We decided to make complete use of System Verilog's powers, and use a behavioral model of an adder.

- 1. This would allow the DC Shell to convert our Verilog code into the most optimal RTL schematic due to the number of wires and registers being sparse.
- 2. We found that the DC Shell does optimization based on resource utilization and power.
- 3. This reduced the latency overhead compared to the cascaded model, and in turn, the negative slack associated with the adder.
- 4. On RTL synthesis and inspection of power and area consumption, the behavioural model trumped the reference architecture in all aspects
- 5. While the timing is better improved with the ripple carry adder, it comes at a large expense of high resources, which is why we have chosen this model.

## 2.2 Netlist Diagram



# **2.3 Simulation Metrics**

| Metrics                                     | Ripple carry with tree |
|---------------------------------------------|------------------------|
| Worst negative slack in ps (setup analysis) | -0.18                  |
| Total power consumed                        | 1.84 mW                |
| Leakage power                               | 25.19 uW               |
| Area of combinational logic                 | 1820.52                |
| # of combinational cells                    | 826                    |
| Total area                                  | 2457.36                |

| <u>Metrics</u>                              | Carry-Lookahead Model |
|---------------------------------------------|-----------------------|
| Worst negative slack in ps (setup analysis) | -0.17                 |
| Total power consumed                        | 1.88 mW               |
| Leakage power                               | 26.76 uW              |
| Area of combinational logic                 | 1877.4                |
| # of combinational cells                    | 814                   |
| Total area                                  | 2516.4                |

| Metrics                                     | <b>Behavioral Model</b> |
|---------------------------------------------|-------------------------|
| Worst negative slack in ps (setup analysis) | -0.25                   |
| Total power consumed                        | 1.61 mW                 |
| Leakage power                               | 15.72 uW                |
| Area of combinational logic                 | 925.56                  |
| # of combinational cells                    | 358                     |
| Total area                                  | 1519.2                  |

# 2.4. What did not work as expected

- 1. Initially, we tried implementing a carry skip adder. The implementation required choosing between our initial carryIn and each stage's carryOut by multiplexing the inputs at each stage. Our implementation was faulted, and we shifted our focus on the carry-lookahead adder. Upon review, we found that our multiplexer's select was using a single wire which was getting updated over all stages, and we should have used an array instead.
- 2. The behavioral model optimized the design in terms of area, power and number of combinational units. However, it did not optimize the architecture in terms of latency as much as the tree structure of ripple carry adders.
- 3. We also considered using carry-select adders; however, carry-select adders have a larger area as compared to carry-lookahead adders, and would not provide as much an improvement in terms of timing due to the lesser number of bits used.

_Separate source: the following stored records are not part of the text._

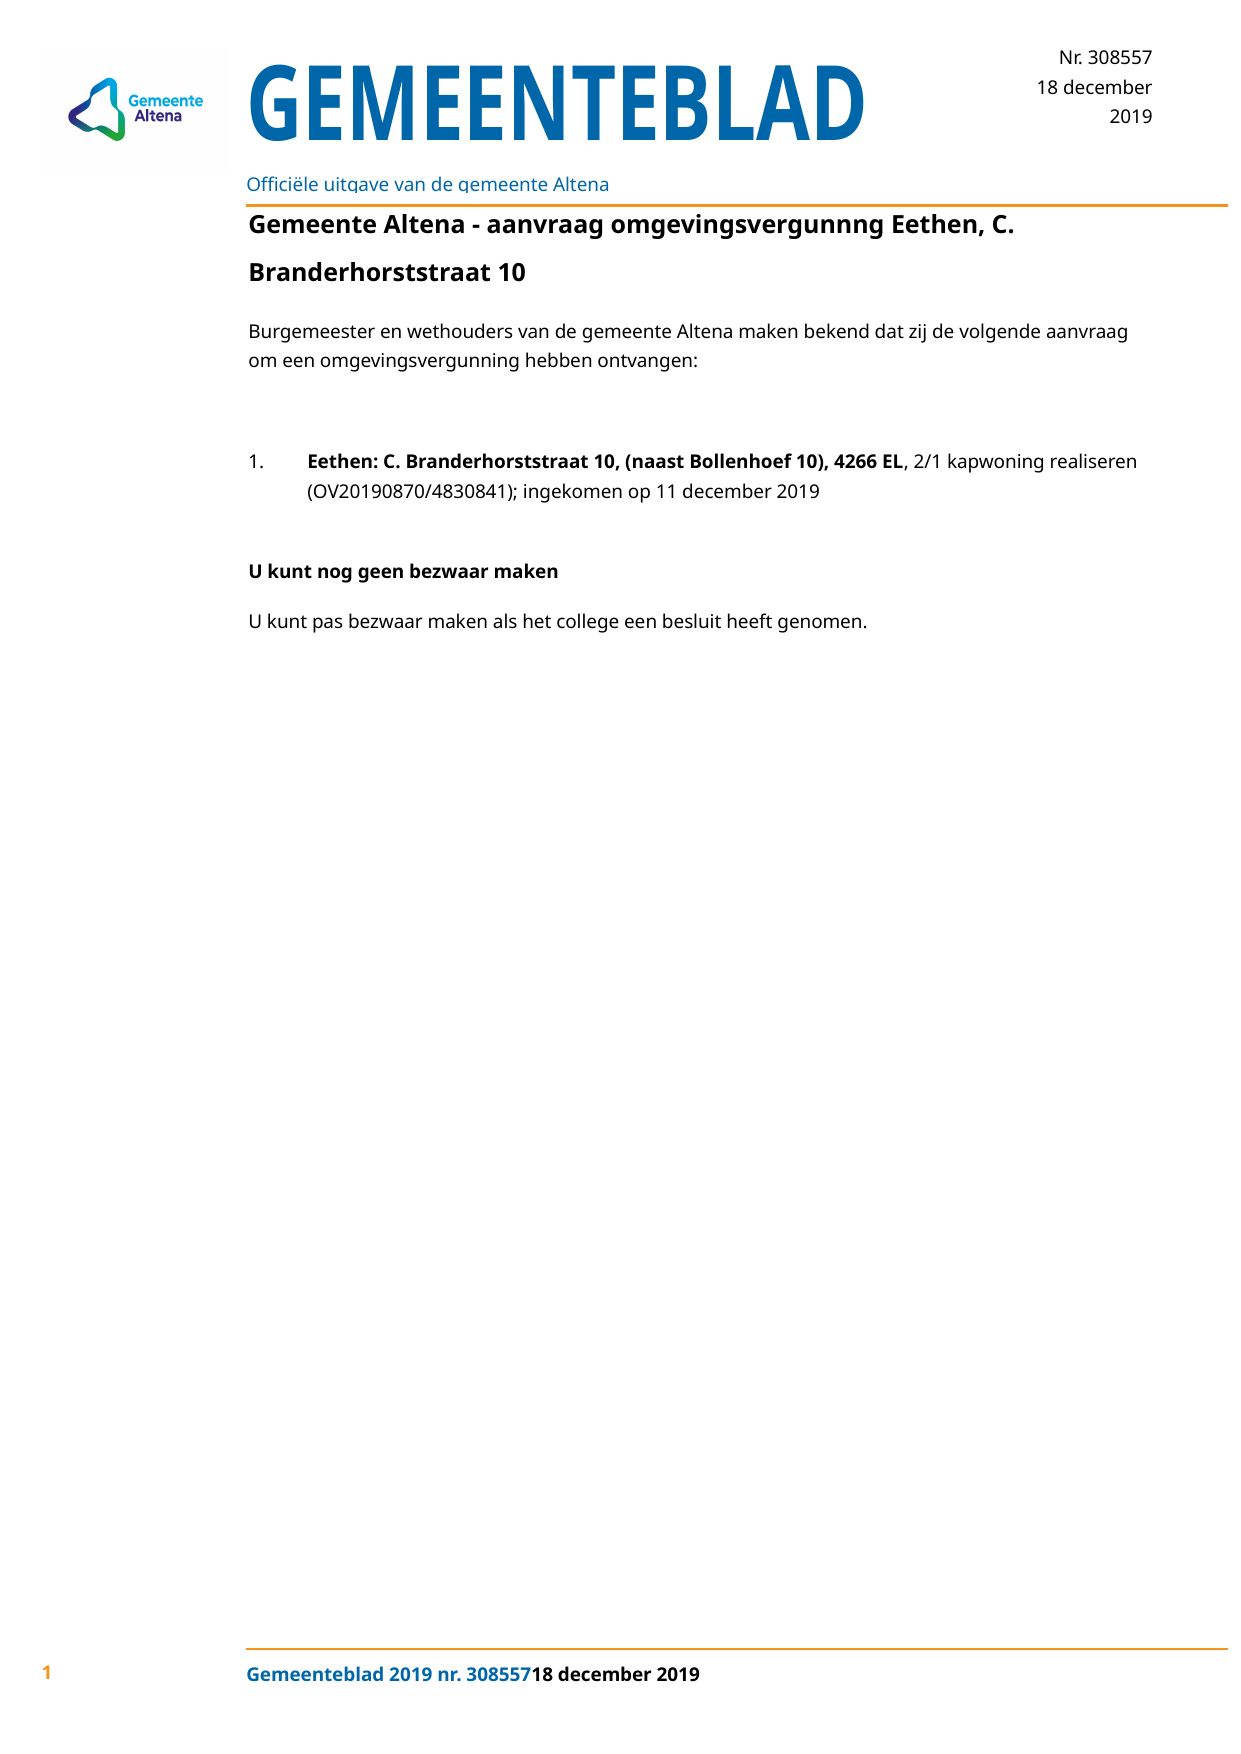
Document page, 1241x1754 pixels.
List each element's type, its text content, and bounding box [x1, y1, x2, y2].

text U kunt nog geen bezwaar maken [248, 558, 1152, 584]
text Burgemeester en wethouders van de gemeente Altena maken bekend dat zij de volgende aanvraag om een omgevingsvergunning hebben ontvangen: [248, 318, 1152, 373]
text Gemeente Altena - aanvraag omgevingsvergunnng Eethen, C. Branderhorststraat 10 [248, 207, 1152, 288]
list Eethen: C. Branderhorststraat 10, (naast Bollenhoef 10), 4266 EL, 2/1 kapwoning realiseren (OV20190870/4830841); ingekomen op 11 december 2019 [248, 448, 1152, 504]
picture [41, 47, 231, 172]
text U kunt pas bezwaar maken als het college een besluit heeft genomen. [248, 608, 1152, 634]

# 2.5 Future improvements in design

For future improvements, we can create a pipelined version of this adder. With pipelining, the number of combinational blocks between to DFFs would reduce. This allows us to increase the frequency and also gives one output every clock cycle. Another option can be to use the transpose architecture of the filter which would create a directly pipelined version by putting the combinational blocks between the DFFs.